Getting the N "most/least representative" points for a cluster

There are a couple of wrapper methods to get the N points closest/furthest to the cluster center. All of these methods will return a dataframe with the index corresponding to the original data.
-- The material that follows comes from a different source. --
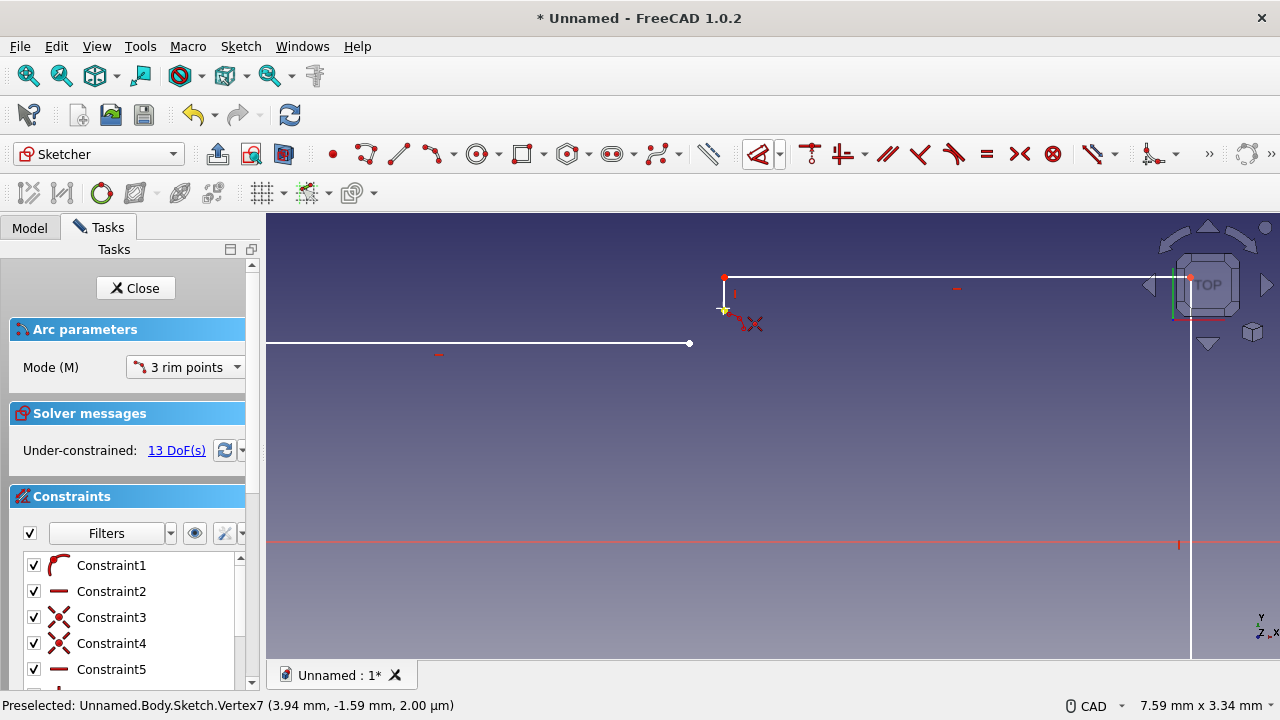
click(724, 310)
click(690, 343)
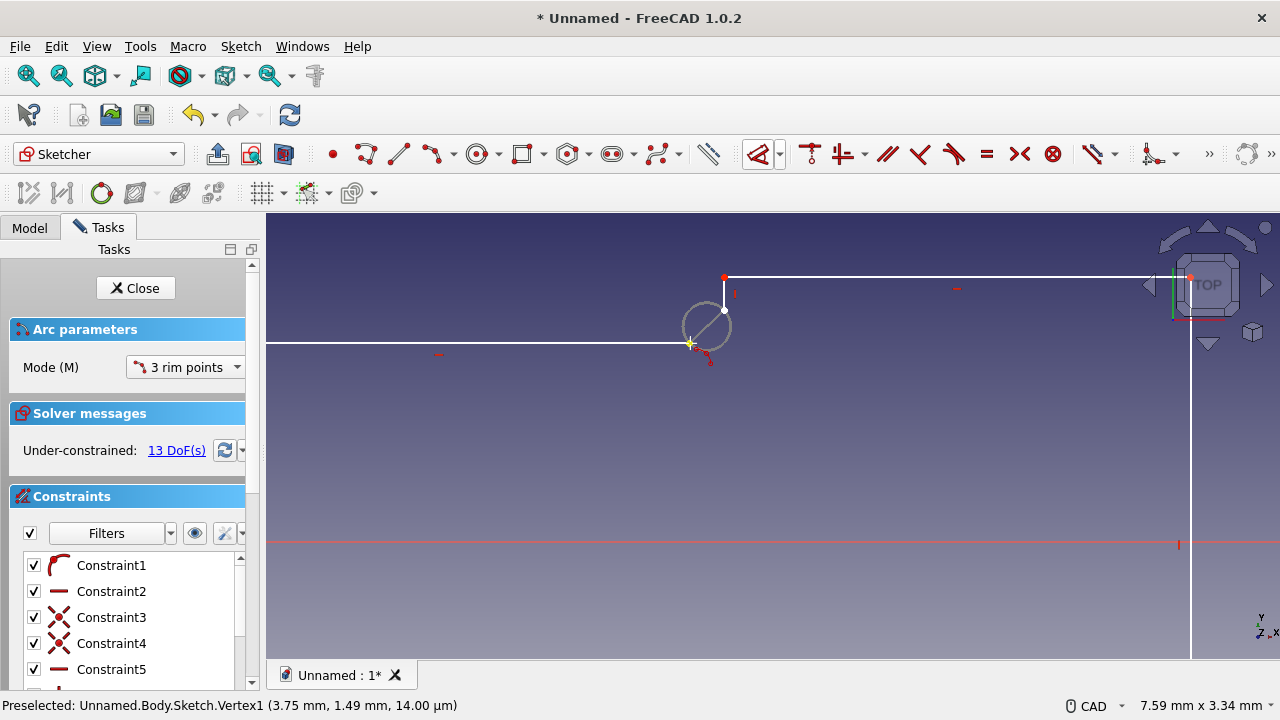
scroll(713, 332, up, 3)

This makes it easy to merge back with your original data and enrich it with other features.


In [10]:
examples.get_closest_samples_for_cluster(2, n_samples=5)


Out[10]:
0 1 cluster dist_to_rep_point
1645 -0.164494 -0.036982 2 0.000000
1701 -0.161733 -0.039066 2 0.003460
1840 -0.164663 -0.042350 2 0.005371
1812 -0.158787 -0.035200 2 0.005979
1679 -0.165111 -0.030426 2 0.006585

In [11]:
examples.get_furthest_samples_for_cluster(2, n_samples=5)


Out[11]:
0 1 cluster dist_to_rep_point
1620 0.014810 0.119051 2 0.237690
1733 0.015830 0.119390 2 0.238682
1632 0.008484 0.129942 2 0.240385
1792 0.003510 0.135245 2 0.240598
1671 0.019809 0.118011 2 0.240812

We can get these points for all clusters and put them into a dataframe for plotting


In [12]:
close_samples = pd.DataFrame()
far_samples = pd.DataFrame()

for cluster in pd.unique(clusterer.labels_):
    if cluster >=0:
        close_samples = pd.concat([close_samples, examples.get_closest_samples_for_cluster(cluster)])
        far_samples = pd.concat([far_samples, examples.get_furthest_samples_for_cluster(cluster)])

In [13]:
close_samples.head()


Out[13]:
0 1 cluster dist_to_rep_point
5 -0.031930 -0.256859 5 0.000000
106 -0.032453 -0.258743 5 0.001956
116 -0.033843 -0.255187 5 0.002540
297 -0.026987 -0.260578 5 0.006185
28 -0.023922 -0.256170 5 0.008037

In [14]:
far_samples.head()


Out[14]:
0 1 cluster dist_to_rep_point
189 -0.238119 -0.253511 5 0.206217
160 -0.238388 -0.278419 5 0.207581
42 -0.244433 -0.252980 5 0.212539
146 -0.244435 -0.263221 5 0.212601
117 -0.262338 -0.275841 5 0.231189

Let's make the same plot from before but add black stars for the "most representative" points and blue X's for the "least representative" points


In [15]:
palette = sns.color_palette('deep', np.unique(labels).max() + 1)
colors = [palette[x] if x >= 0 else (0.0, 0.0, 0.0) for x in labels]

fig = plt.figure()
ax1 = fig.add_subplot(111)

ax1.scatter(data.T[0], data.T[1], c=colors, **plot_kwds)
ax1.scatter(close_samples['0'], close_samples['1'], s=40, marker='*', c=[(0.0,0.0,0.0)])
ax1.scatter(far_samples['0'], far_samples['1'], s=40, marker='x')

frame = plt.gca()
frame.axes.get_xaxis().set_visible(False)
frame.axes.get_yaxis().set_visible(False)


As you can see this does what we would expect. This is a fairly crude method but can be useful when doing exploratory data analysis.